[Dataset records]
<<<<
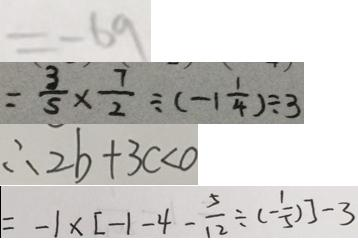Convert formula to latex. <formula><loc_0><loc_0><loc_500><loc_500>= - 6 9 
 = \frac { 3 } { 5 } \times \frac { 7 } { 2 } \div ( - 1 \frac { 1 } { 4 } ) \div 3 
 \therefore 2 b + 3 c < 0 
 = - 1 \times [ - 1 - 4 - \frac { 5 } { 1 2 } \div ( - \frac { 1 } { 5 } ) ] - 3</formula> 
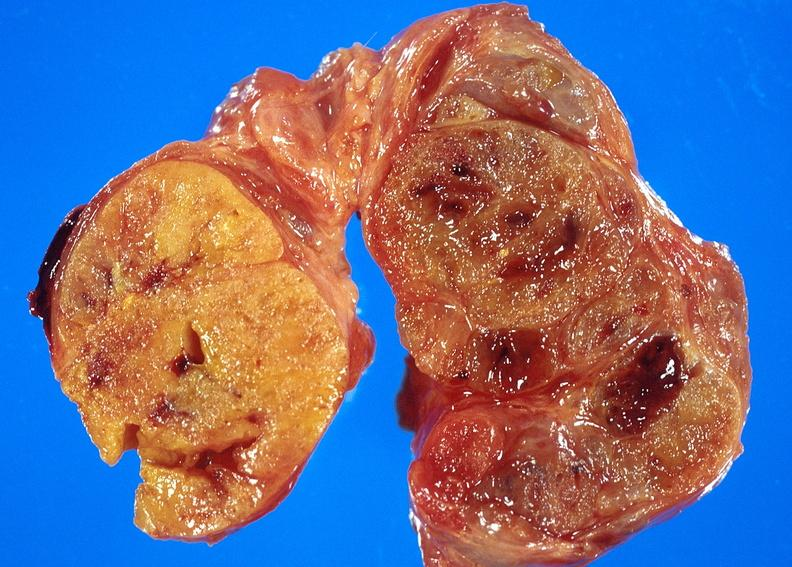s endocrine present?
Answer the question using a single word or phrase. Yes 
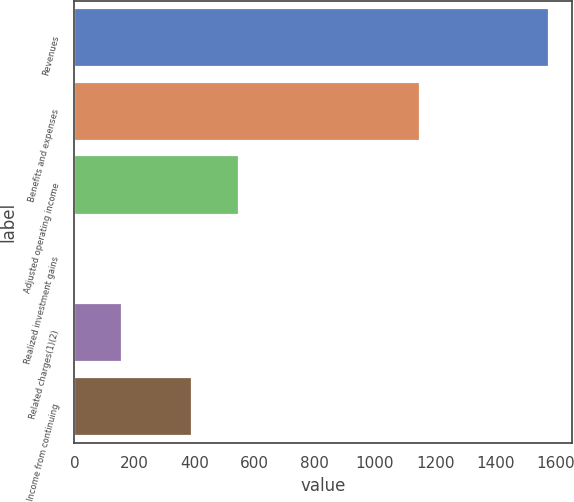<chart> <loc_0><loc_0><loc_500><loc_500><bar_chart><fcel>Revenues<fcel>Benefits and expenses<fcel>Adjusted operating income<fcel>Realized investment gains<fcel>Related charges(1)(2)<fcel>Income from continuing<nl><fcel>1578<fcel>1151<fcel>548.6<fcel>2<fcel>159.6<fcel>391<nl></chart> 
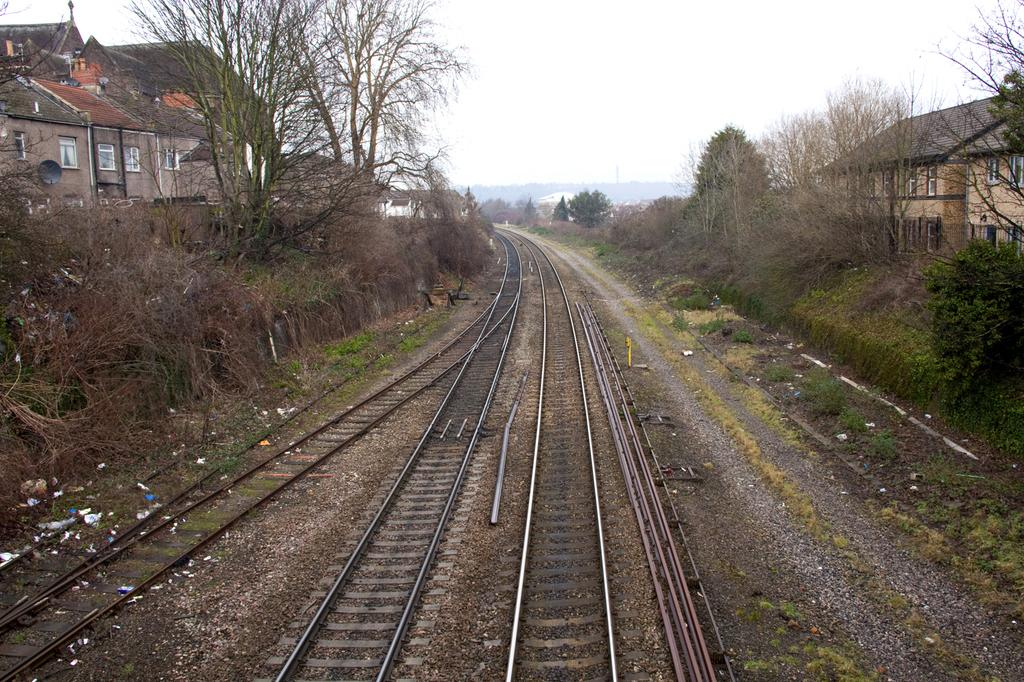What is the main feature of the image? The main feature of the image is the railway tracks. What can be seen on either side of the railway tracks? There are trees and buildings on either side of the railway tracks. Are there any other trees visible in the image? Yes, there are additional trees in the background of the image. What type of grain is being harvested in the image? There is no grain being harvested in the image; it features railway tracks with trees and buildings on either side. What activity is taking place in the image? The image does not depict any specific activity; it simply shows railway tracks with trees and buildings on either side. 
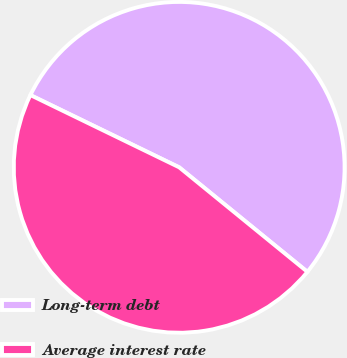Convert chart to OTSL. <chart><loc_0><loc_0><loc_500><loc_500><pie_chart><fcel>Long-term debt<fcel>Average interest rate<nl><fcel>53.69%<fcel>46.31%<nl></chart> 
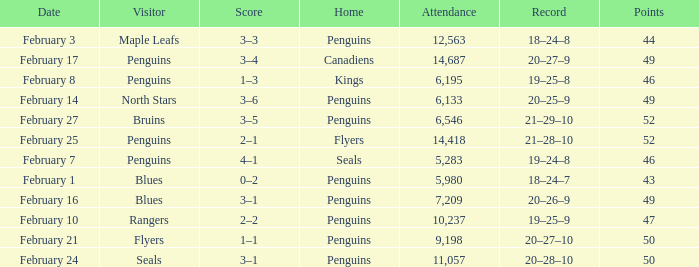Record of 21–29–10 had what total number of points? 1.0.
>>>>
- _AIM OF THE EXERCISE_
Lines of the data above that include the string "frac" must each be copied.

- _ANSWER TO THE EXERCISE_
 = \frac { 3 } { 5 } \times \frac { 7 } { 2 } \div ( - 1 \frac { 1 } { 4 } ) \div 3 
 = - 1 \times [ - 1 - 4 - \frac { 5 } { 1 2 } \div ( - \frac { 1 } { 5 } ) ] - 3</formula> 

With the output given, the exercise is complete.